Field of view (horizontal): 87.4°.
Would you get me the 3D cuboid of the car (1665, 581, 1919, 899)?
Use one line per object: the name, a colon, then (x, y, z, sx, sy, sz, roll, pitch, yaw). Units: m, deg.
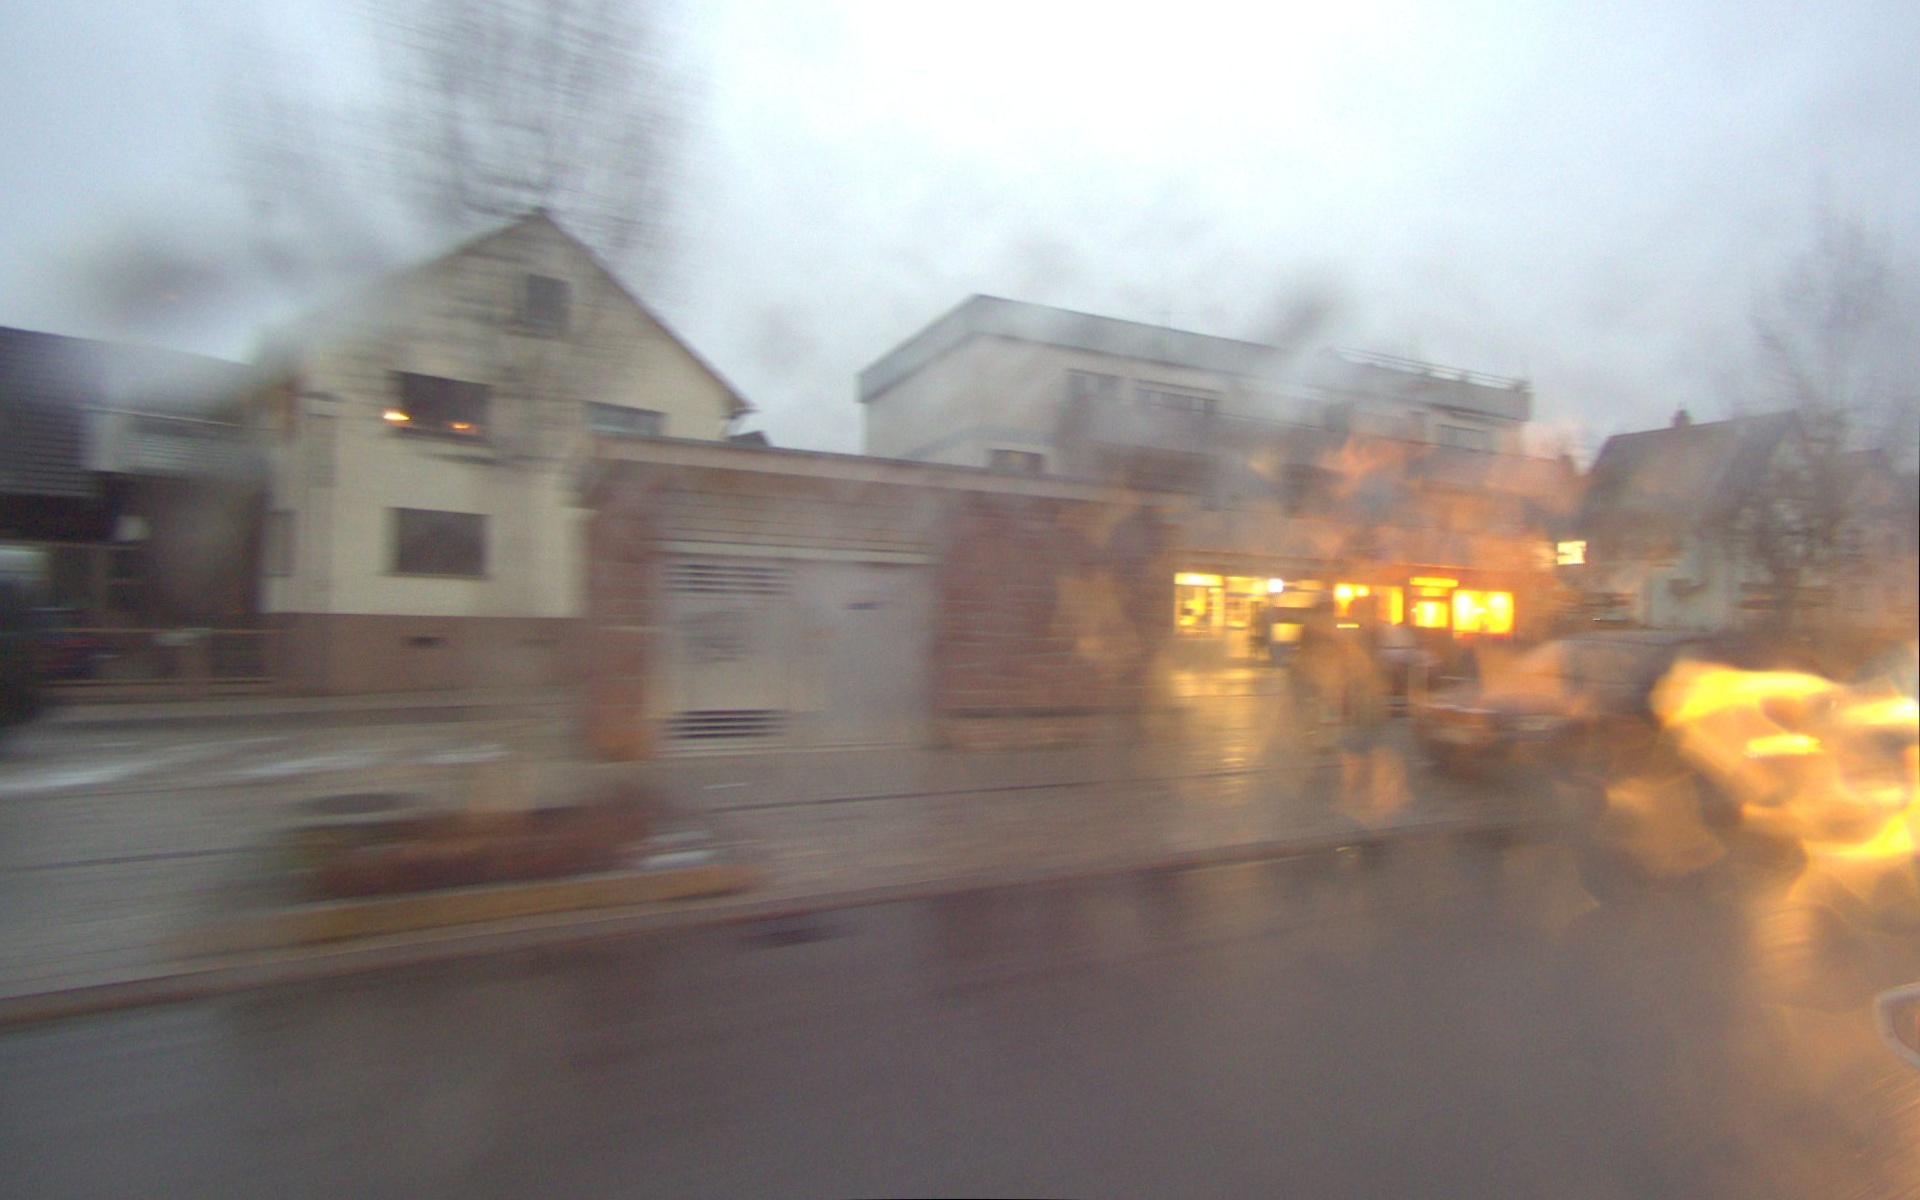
car: (7.687, 0.875, 7.254, 4.676, 1.885, 2.136, 1, -3, -24)

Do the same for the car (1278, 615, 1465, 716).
car: (6.736, 1.060, 16.935, 1.704, 1.496, 4.091, 0, -2, 4)

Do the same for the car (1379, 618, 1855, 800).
car: (6.551, 0.968, 10.023, 4.392, 1.492, 1.744, 1, 0, -21)

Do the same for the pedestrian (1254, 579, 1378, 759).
pedestrian: (3.910, 0.740, 11.062, 1.044, 1.891, 0.753, 1, -1, -19)

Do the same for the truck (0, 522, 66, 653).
truck: (-24.086, -0.324, 24.913, 2.764, 2.991, 5.788, 2, 0, -41)

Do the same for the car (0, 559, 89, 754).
car: (-10.312, 0.488, 8.125, 2.034, 1.910, 5.396, 0, -2, -4)

-=-=-=-=-

* _Problem requirements_: The complete material, set down exactly and stripped of pictures, is the expected response.

* _Output of the task_:
Field of view (horizontal): 87.4°.
Would you get me the 3D cuboid of the car (1665, 581, 1919, 899)?
Use one line per object: the name, a colon, then (x, y, z, sx, sy, sz, roll, pitch, yaw). Units: m, deg.
car: (7.687, 0.875, 7.254, 4.676, 1.885, 2.136, 1, -3, -24)

Do the same for the car (1278, 615, 1465, 716).
car: (6.736, 1.060, 16.935, 1.704, 1.496, 4.091, 0, -2, 4)

Do the same for the car (1379, 618, 1855, 800).
car: (6.551, 0.968, 10.023, 4.392, 1.492, 1.744, 1, 0, -21)

Do the same for the pedestrian (1254, 579, 1378, 759).
pedestrian: (3.910, 0.740, 11.062, 1.044, 1.891, 0.753, 1, -1, -19)

Do the same for the truck (0, 522, 66, 653).
truck: (-24.086, -0.324, 24.913, 2.764, 2.991, 5.788, 2, 0, -41)

Do the same for the car (0, 559, 89, 754).
car: (-10.312, 0.488, 8.125, 2.034, 1.910, 5.396, 0, -2, -4)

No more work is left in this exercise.